The testimony also established that in 1978 one Christopher Bartzoka had been hired by the appellant as a card dealer for the Deli Social Club. Bartzoka took five percent of each pot and paid the money over to Soli, Carmolingo or the appellant.

On August 30, 1978, when Soli gave Mathis and Berry their monthly payment of two hundred dollars the police officers told Soli that they felt they should be getting more money. Soli said that he would discuss the matter with the appellant. On October 20, 1978, Mathis and Berry again met with Soli who gave them the monthly two hundred dollars. They asked Soli what the appellant had said about more money and he said the appellant knew nothing about it, and that only he and Carmolingo were involved. Nevertheless, on November 3, 1978, when the next payment was made, Soli, Carmolingo and the appellant all arrived in the same car. The appellant stayed in the car some fifteen to twenty feet away but had a clear view of the pay-off which took place between Soli and Carmolingo who made payment to Mathis.

The next meeting between Soli and the police officers occurred on January 9, 1979, and Soli advised them that new owners were going to take over and that they would be responsible for payments in the future. Soli promised Mathis and Berry that the new owners would give them more money. He also discussed with the police a rumor that Mathis and Berry might be working for the FBI and that appellant had some question as to the trustworthiness of Mathis and Berry. Soli told the officers that he assured

[ 327 Pa. Super. Page 187]

    the appellant that the local police and the FBI would not be working together.

In February, 1979, Richard Stratton became interested in taking over the club and discussed this with appellant and his brother Pietro. Ultimately, Stratton agreed with the appellant to buy the club on a trial basis and the appellant advised Stratton that he would have to pay "the cops $200.00 a month for the zoning violation." If the operation proved reasonably profitable Stratton was to complete purchase of the club. After taking over the club on a trial basis Stratton continued to pay the $200.00 per month on an irregular basis and Mathis went to the appellant and his brother to complain. On April 4, 1979 Mathis obtained $200.00 from Pietro Taraschi. At that time Stratton was not present but he stated that he later reimbursed Pietro. Stratton missed more pay-off appointments, and in May, 1979, Mathis again went to complain to the Taraschis. Pietro Taraschi advised Mathis that Stratton had "pulled out" and owed them a large sum of money. He also told Mathis that they were looking for someone new to take over.

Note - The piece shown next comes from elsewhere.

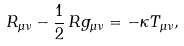<formula> <loc_0><loc_0><loc_500><loc_500>R _ { \mu \nu } - \frac { 1 } { 2 } \, R g _ { \mu \nu } = - \kappa T _ { \mu \nu } ,</formula>

Subsequently the appellant offered money to Stratton, and asked him not to get anyone in trouble. Stratton said that he wasn't trying to get anyone in trouble and advised the appellant that he didn't want any money. However, appellant sent someone to Stratton with a package and Stratton was told that the package contained $2,000.00. Stratton refused to accept the package.

Appellant contends that there was insufficient evidence to sustain the conviction of the offense of corrupt organizations under the Pennsylvania Corrupt Organizations Act.*fn2 The Act of December 6, 1972, 18 Pa.C.S. § 911(b)(3) provides in pertinent part:

[ 327 Pa. Super. Page 188]

(3) It shall be unlawful for any person employed by or associated with any enterprise to conduct or participate, directly or indirectly, in the conduct of such enterprise's affairs through a pattern of racketeering activity.

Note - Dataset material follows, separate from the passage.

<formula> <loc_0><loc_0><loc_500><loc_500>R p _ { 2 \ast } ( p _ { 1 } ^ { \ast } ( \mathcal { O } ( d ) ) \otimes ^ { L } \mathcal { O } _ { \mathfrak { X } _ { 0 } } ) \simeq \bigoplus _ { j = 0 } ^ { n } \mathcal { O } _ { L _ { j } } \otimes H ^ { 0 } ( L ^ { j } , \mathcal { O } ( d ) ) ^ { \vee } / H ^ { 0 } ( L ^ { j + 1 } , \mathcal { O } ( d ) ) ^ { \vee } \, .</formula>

The Act further defines "racketeering activity" in 18 Pa.C.S. § 911(h) as follows:

(h) Definitions. -- As used in this section:

(1) "Racketeering activity" means:

(i) any act which is indictable under any of the following provisions of this title:

Chapter 47 (relating to bribery and corrupt influence)

(iii) any conspiracy to commit any of the offenses set forth in subparagraphs (i) and (ii) of this paragraph; or

The Act defines a "pattern" of racketeering activities as "a course of conduct requiring two or more acts of

[ 327 Pa. Super. Page 189]

    racketeering activity . . ." 18 P.S. § 911(h)(4). Appellant argues that the evidence was insufficient because the underlying racketeering activity in this case was bribery and that he was not charged with or convicted of bribery. The Act, however, has no requirement that a defendant be convicted of the predicate crimes constituting the pattern of racketeering. Further, the Act provides at 18 Pa.C.S. § 911(h)(1)(iii) that racketeering activity means "any conspiracy to commit any of the offenses set forth in subparagraphs (i) and (ii) . . ." The appellant contends that "the defendant was neither charged nor convicted of even one substantive offense of bribery." He overlooks the fact that he was charged and convicted with conspiracy to commit bribery, and under the Act racketeering activities include a conspiracy to commit bribery.

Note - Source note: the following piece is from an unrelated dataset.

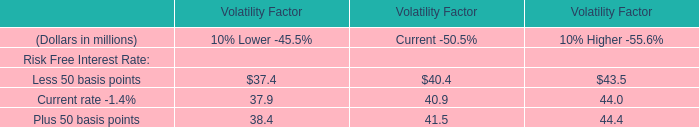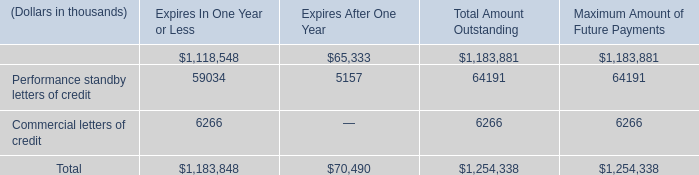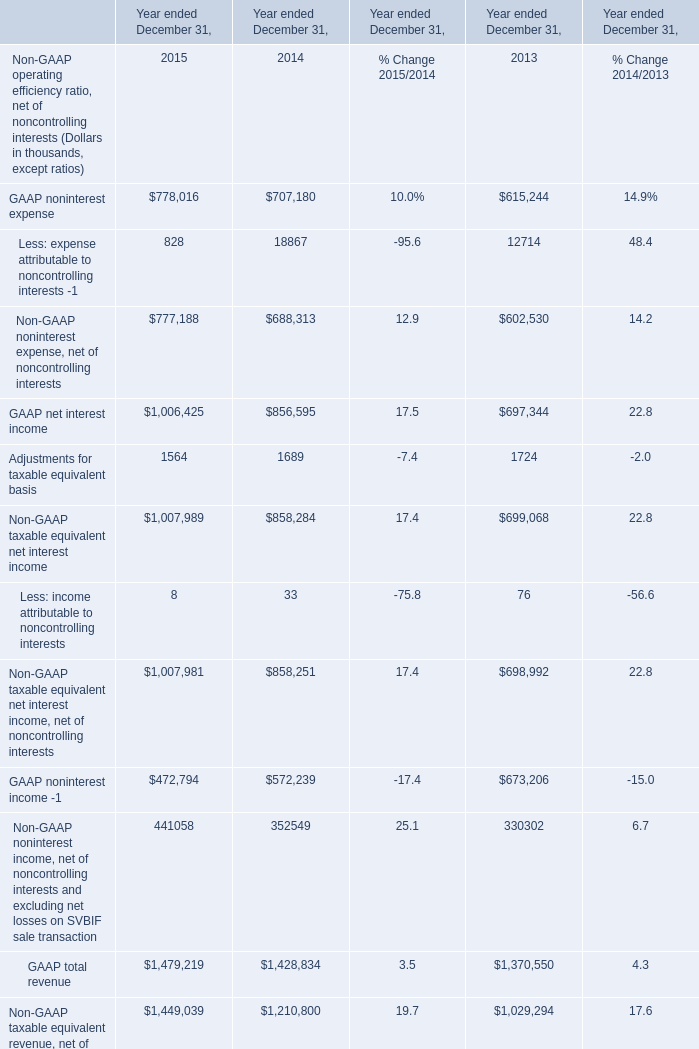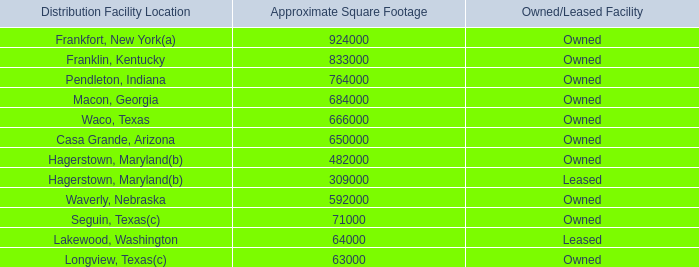In the year with largest amount of GAAP noninterest expense, what's the increasing rate of GAAP net interest income ? 
Computations: ((1006425 - 856595) / 1006425)
Answer: 0.14887.

In addition, the appellant's contention that he must be charged and convicted with the underlying offense is not supported by Pennsylvania law. Although there are no cases in Pennsylvania dealing directly on this point with respect to corrupt organizations, in an analogous situation Pennsylvania law has not been construed to require that a defendant be charged and convicted of an underlying substantive offense. In Commonwealth v. Wilkinson, 278 Pa. Super. 490, 420 A.2d 647 (1980), this contention of appellant was specifically answered. The defendant was charged with driving under the influence and homicide by vehicle. The district attorney dismissed the charge of driving under the influence. This Court held that the lower court erroneously quashed the transcript. We stated at 278 Pa. Super. 495, 496, 420 A.2d 650:

As an initial matter, we must reject the lower court's conclusion that a charge of homicide by vehicle may be prosecuted only if a second, supporting, charge is brought charging the defendant with another motor vehicle code violation. A person is guilty of homicide by vehicle if she unintentionally causes the death of another person while engaged in the violation of any law of this Commonwealth or municipal ordinance applying

[ 327 Pa. Super. Page 190]

    to the operation or use of a vehicle or to the regulation of traffic . . . when the violation is the cause of death. 75 C.P.S.A. § 3732 (1977).

In order to secure a conviction under this statute, the Commonwealth must prove beyond a reasonable doubt that the defendant " engaged in the violation of any law . . . or . . . ordinance applying to the operation or use of a vehicle or to the regulation of traffic . . . ." Nothing in the statute indicates a legislative intent that in order to establish this element of the offense, the Commonwealth must bring a separate charge for such violation. (Emphasis added).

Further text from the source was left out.